D’ailleurs, M. Gervais souligne que plusieurs personnes l’ont déjà approché afin de faire partie de la formation politique, mais qu’il se garde encore une marge de manœuvre avant d’accepter qui que ce soit. «Pour le moment, je n’accepte personne encore. Je prends les noms et on verra comment les choses vont aller», indique celui qui dit vouloir former un parti qui répondra aux attentes de toutes les classes économiques, lui qui estime que seulement les mieux nantis sont bien servis en ce moment. Il dit par ailleurs attendre un gros nom pour représenter son parti au poste de maire.

Attaques

Connu pour son franc-parler et n’ayant pas l’habitude de mettre des gants blancs dans les dossiers qu’il défend, Luc Gervais s’est exprimé dernièrement dans des lettres ouvertes, notamment en critiquant la conseillère municipale Mariannick Mercure. Cette dernière avait toutefois répliqué, captures d’écrans à l’appui, que M. Gervais avait l’habitude de publier des propos racistes sur les réseaux sociaux.

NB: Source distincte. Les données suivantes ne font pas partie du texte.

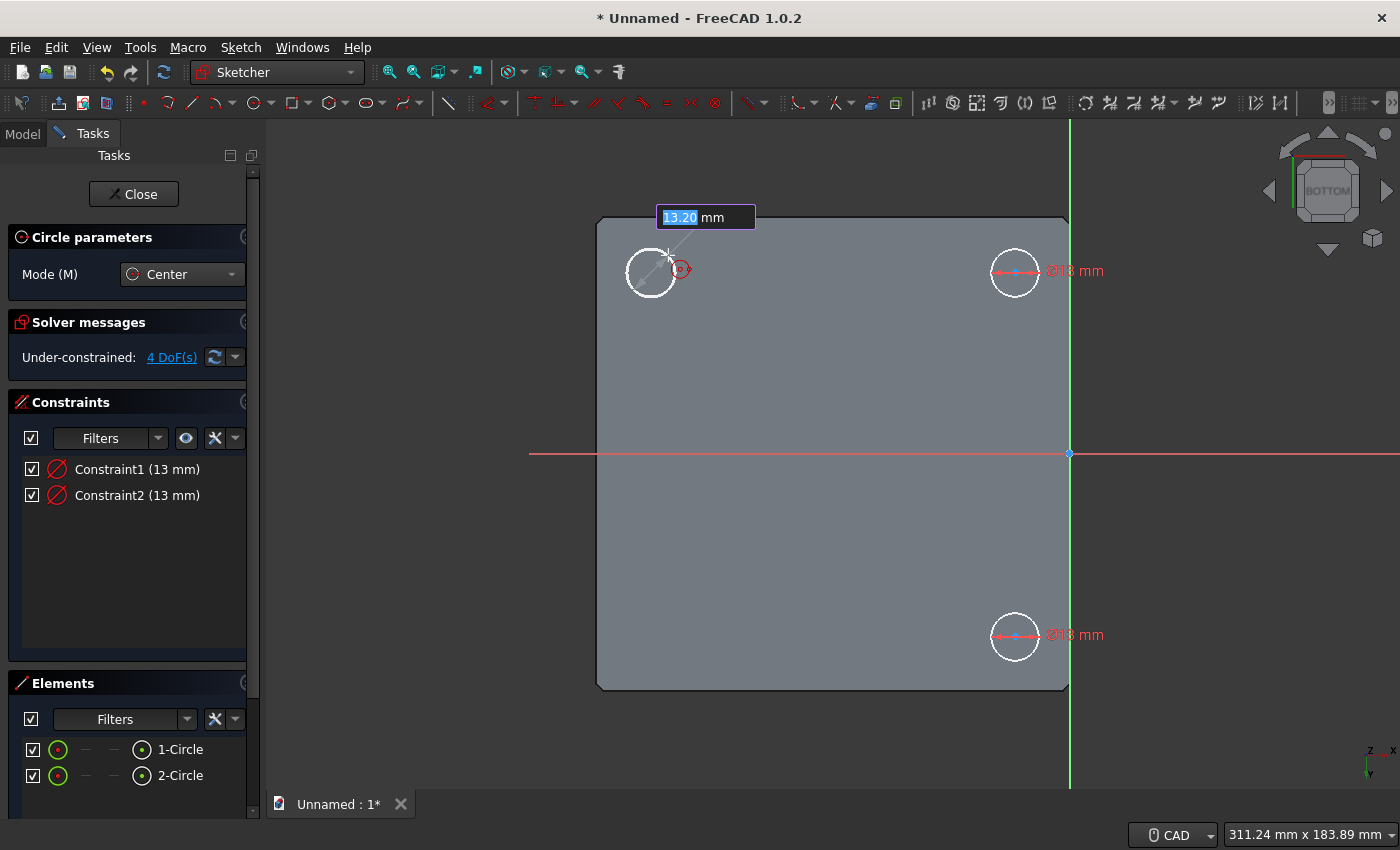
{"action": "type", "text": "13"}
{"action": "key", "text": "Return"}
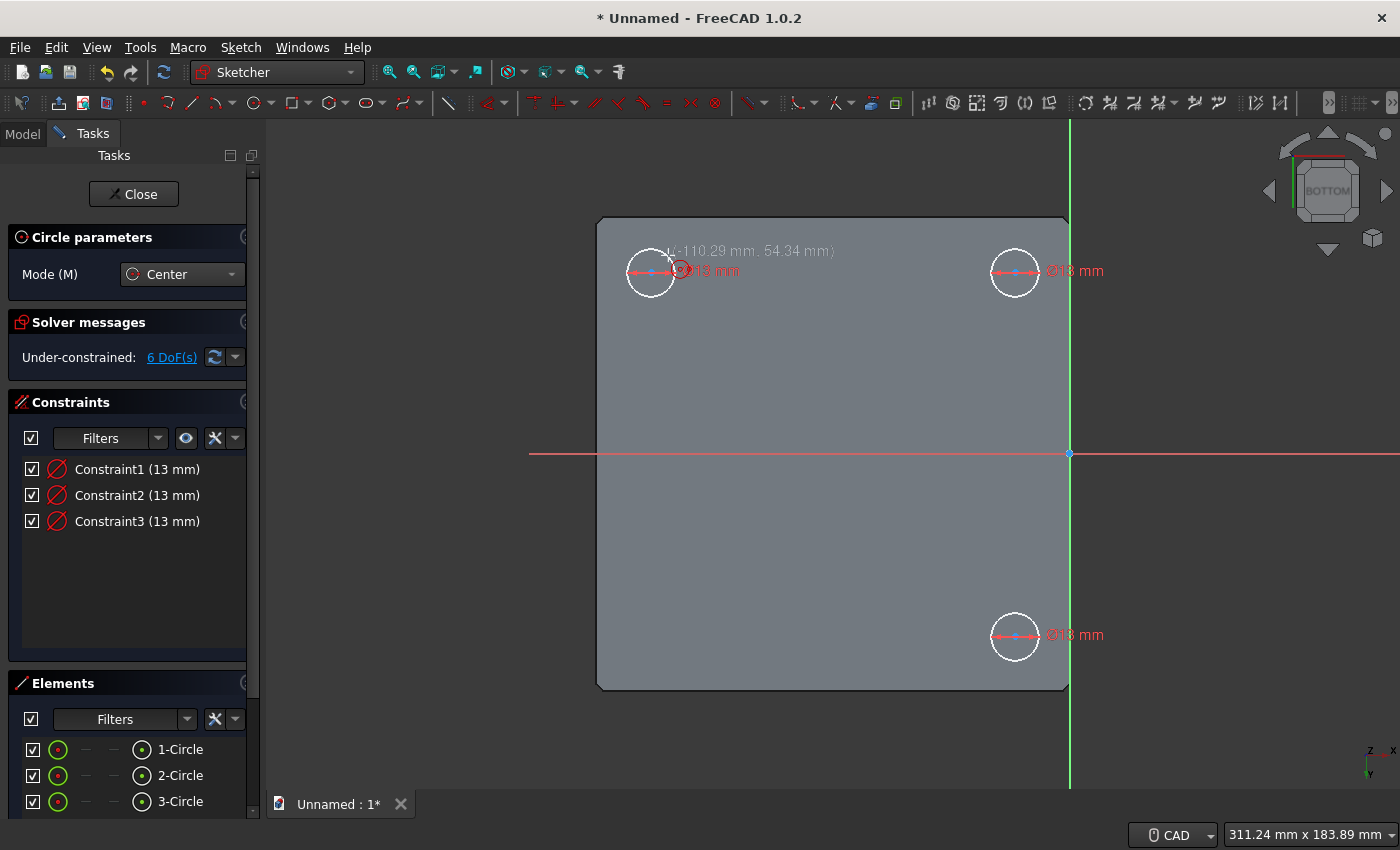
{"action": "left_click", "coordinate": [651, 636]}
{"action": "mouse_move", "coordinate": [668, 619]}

Un fait que le principal intéressé dément complètement.

«Elle s’est servie de passages de publications et les a complètement sortis de leur contexte. C’est faux de dire que je suis raciste» se défend Luc Gervais, qui dit être prêt à débattre de ce point avec quiconque souhaite l’attaquer sur cette position.

Autrefois directeur d’une agence de sécurité, Luc Gervais s’est retiré du marché du travail il y a quelques années pour être père au foyer. Il a depuis multiplié les implications dans la communauté, notamment dans les différentes luttes pour le maintien de l’urgence Cloutier-du Rivage depuis plusieurs années, de même qu’avec le tennis ainsi que dans la saga entourant l’interdiction des moins de 18 ans au Carrefour du Cap du boulevard Sainte-Madeleine, il y a deux ans. Récemment, il s’est positionné en faveur du maintien d’une glace dans le secteur Cap-de-la-Madeleine, en lien avec la démolition à venir de l’aréna Jean-Guy-Talbot.

Rappelons qu’un parti politique a déjà existé dans l’histoire politique récente de Trois-Rivières, soit Force 3R. Aux élections municipales de 2009, le candidat à la mairie André Carle portait les couleurs de ce parti, mais n’a pas réussi à battre le maire de l’époque Yves Lévesque. En 2013, le parti a présenté le candidat Richard Saint-Germain à la mairie ainsi que dix candidats dans autant de districts, mais aucun n’a réussi à se faire élire. M. Saint-Germain avait pour sa part terminé au cinquième rang de six candidats au poste de maire. Le parti a été dissout à l’automne 2014.